Assumindo que aquilo que pretende, essencialmente, é «ajudar a fazer um melhor Pisão, que sirva os interesses da região», a equipa técnica da APAP diz não compreender que tenham sido feitas reuniões com os regantes do Vale do Sorraia, que estão a jusante da albufeira e do perímetro de rega e «não reuniu, uma única vez, com os regantes, agricultores e técnicos da região», e lamenta que «este projecto tenha crescido de forma muito genérica e pouco discutida, com um natural reduzido espírito critico por parte das autarquias e da CIMAA, o que no fundo é recorrente neste tipo de obras, pois a estes players institucionais não podemos exigir conhecimentos e qualificações para estas obras tão especificas», motivo pelo qual defende que «a sociedade civil, a academia e as organizações da região podem e devem contribuir para, juntamente com as autarquias e a CIMAA, obterem um projecto mais equilibrado, com uma visão mais rural e socioeconómica, e nunca só dependentes das visões de equipas de projecto sediadas fora da região e com dificuldades naturais de sensibilidade para problemas regionais».
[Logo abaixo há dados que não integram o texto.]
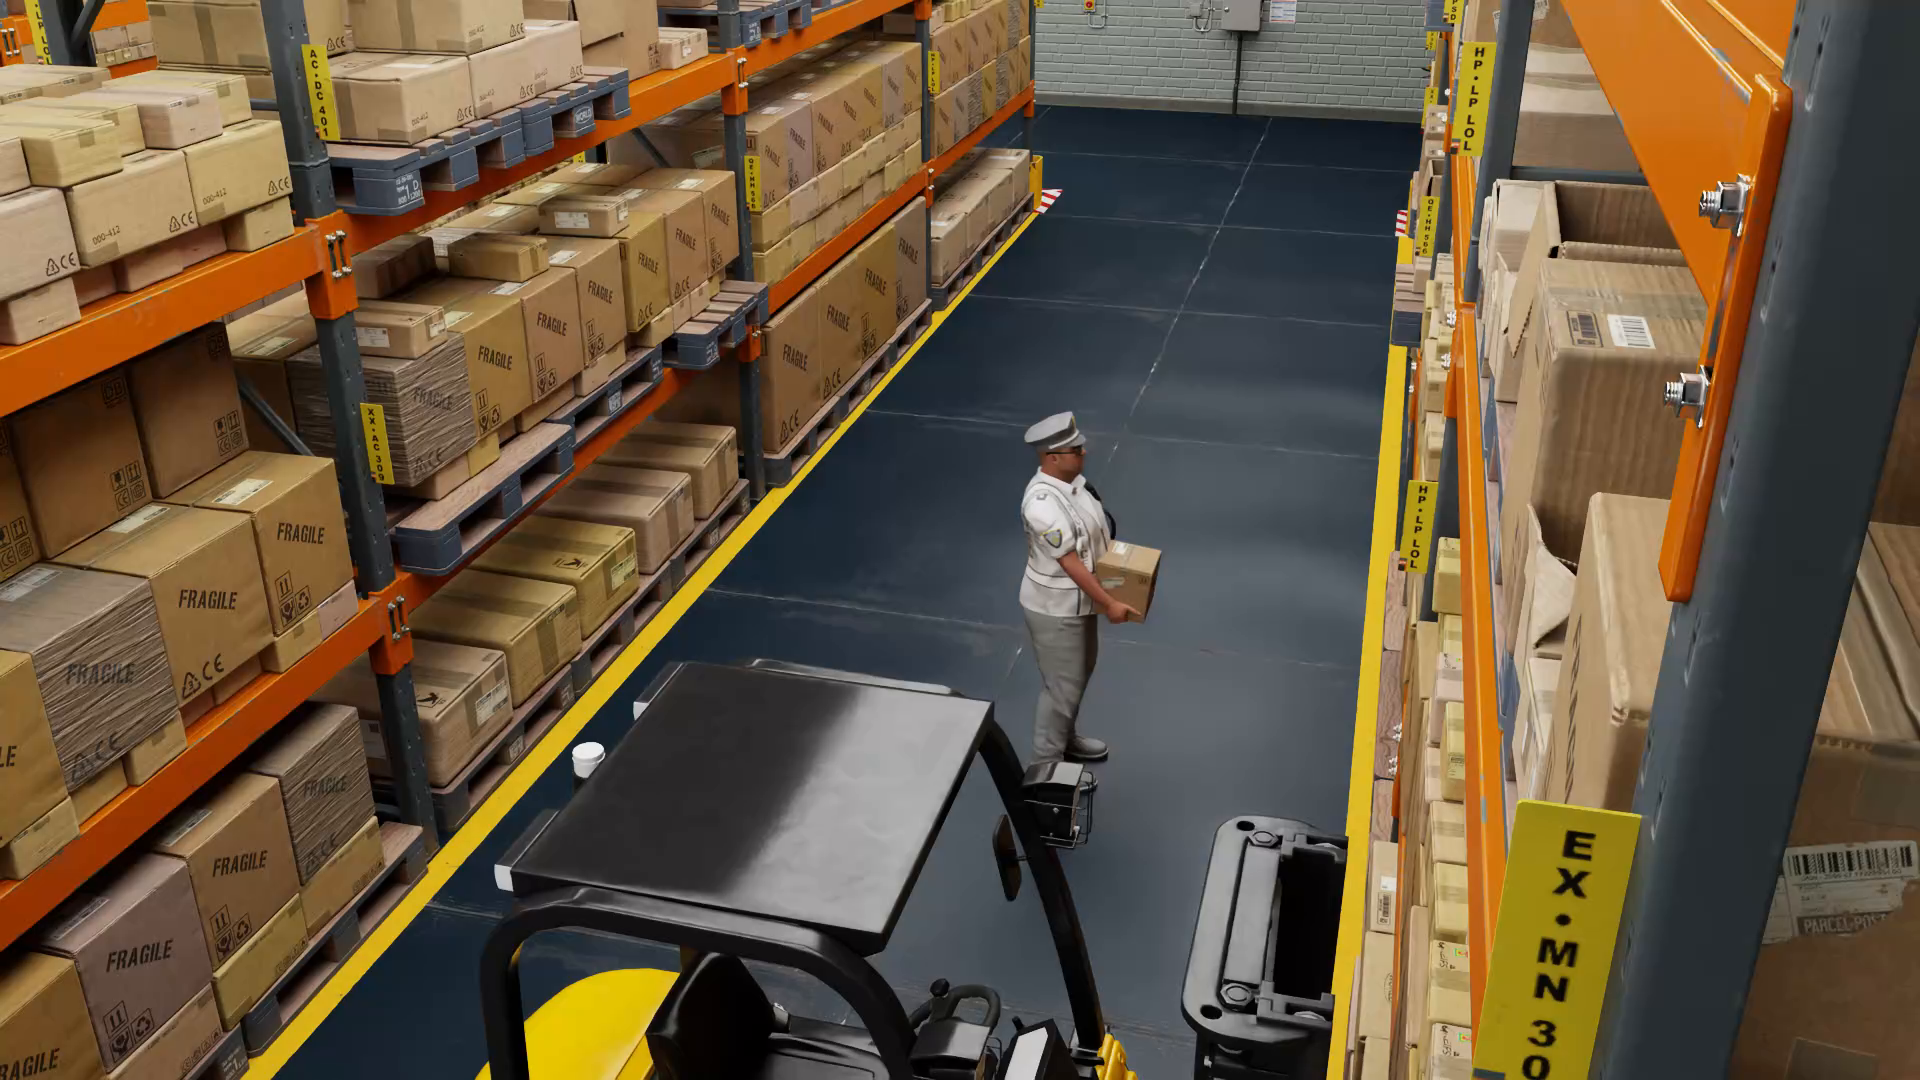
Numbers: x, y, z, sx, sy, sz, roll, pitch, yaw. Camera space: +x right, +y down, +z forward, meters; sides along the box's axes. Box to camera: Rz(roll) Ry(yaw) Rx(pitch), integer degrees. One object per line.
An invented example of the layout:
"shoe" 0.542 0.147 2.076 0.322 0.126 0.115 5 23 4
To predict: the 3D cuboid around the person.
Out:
"person" 0.543 0.266 7.503 0.552 1.775 0.518 6 26 13

Convicta de que «uma obra pública de tantos milhões de euros não se faz assim», a APAP espera, e acredita, que «ainda se possa ir a tempo de corrigir parte do que, na nossa visão integrada do perímetro de rega, poderia ser feito melhor, aproveitando de maneira mais correcta os solos agrícolas da região e distribuindo água a mais regantes. Quanto mais regantes pequenos e médios tivermos, em áreas com dimensão mínima com racional económico, mais sustentamos um mundo rural que se está a desertificar quase irremediavelmente, como assim o mostra os censos da região», fundamenta.